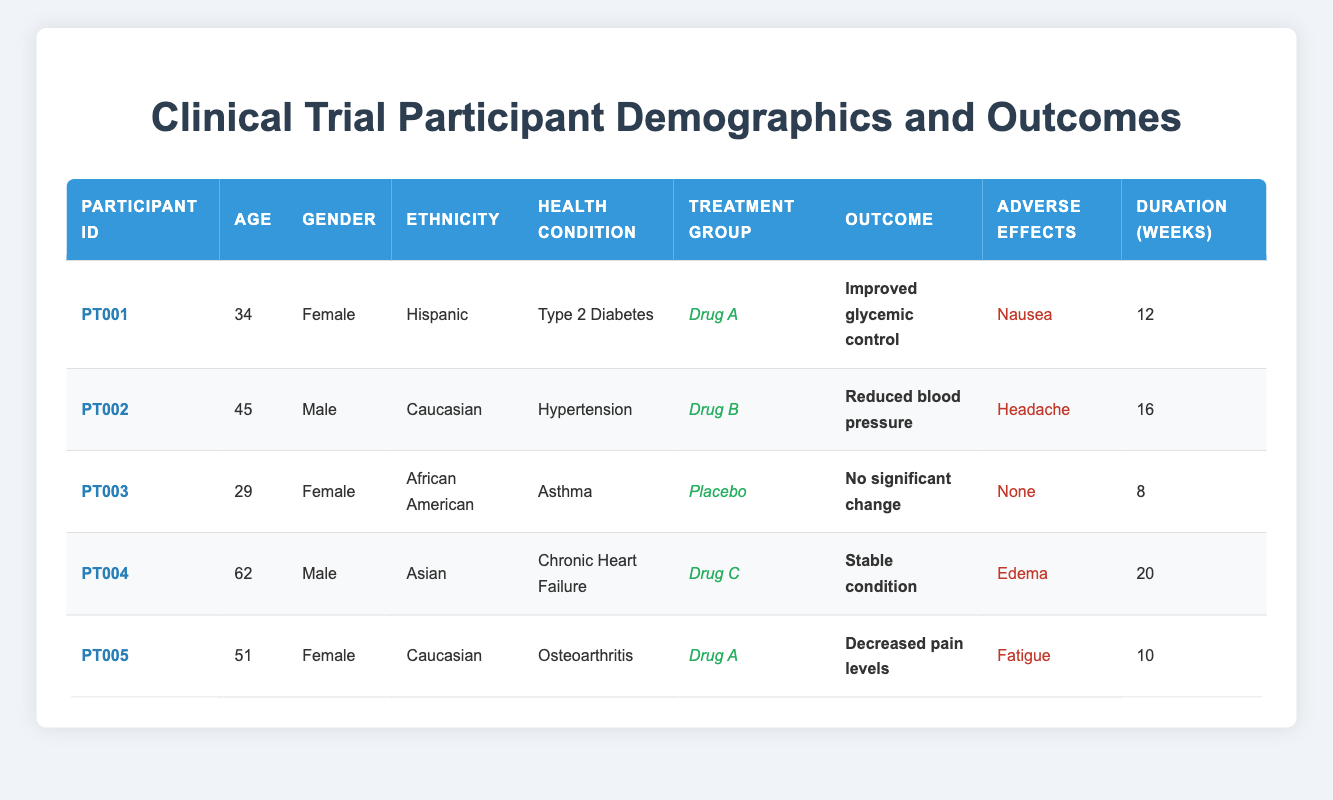What is the average age of participants in the clinical trial? To find the average age, I need to sum the ages of all participants and then divide by the number of participants. The ages are 34, 45, 29, 62, and 51. The sum is 34 + 45 + 29 + 62 + 51 = 221. There are 5 participants, so the average age is 221 / 5 = 44.2.
Answer: 44.2 How many participants were treated with Drug A? I can see from the table that Drug A was prescribed to two participants: PT001 and PT005.
Answer: 2 Did any participant experience nausea as an adverse effect? Looking at the table, PT001 had nausea listed as an adverse effect. Therefore, the answer is yes.
Answer: Yes What is the outcome reported by the participant who was 62 years old? The participant who was 62 years old is PT004, and the outcome listed for this participant is "Stable condition."
Answer: Stable condition Which treatment group had the participant with the highest age? The participant with the highest age is PT004, who is 62 years old and belongs to the treatment group "Drug C."
Answer: Drug C What is the participation duration for the participant that had reduced blood pressure? The participant who experienced reduced blood pressure is PT002, and their participation duration was 16 weeks.
Answer: 16 weeks Is there any participant that had "no significant change" in outcome? Yes, PT003 reported "No significant change" as their outcome.
Answer: Yes What was the most common gender among the participants? There are three females (PT001, PT003, PT005) and two males (PT002, PT004). Since there are more females than males, the most common gender among the participants is female.
Answer: Female Which health condition had the youngest participant? The youngest participant is PT003, who is 29 years old and has asthma as their health condition.
Answer: Asthma

## TASK STATEMENT
Repeat exactly the lines of the material from the one with "Answer: Female Which" through the end, both the first and the last included.

## YOUR RESPONSE
Answer: Female Which health condition had the youngest participant? The youngest participant is PT003, who is 29 years old and has asthma as their health condition.
Answer: Asthma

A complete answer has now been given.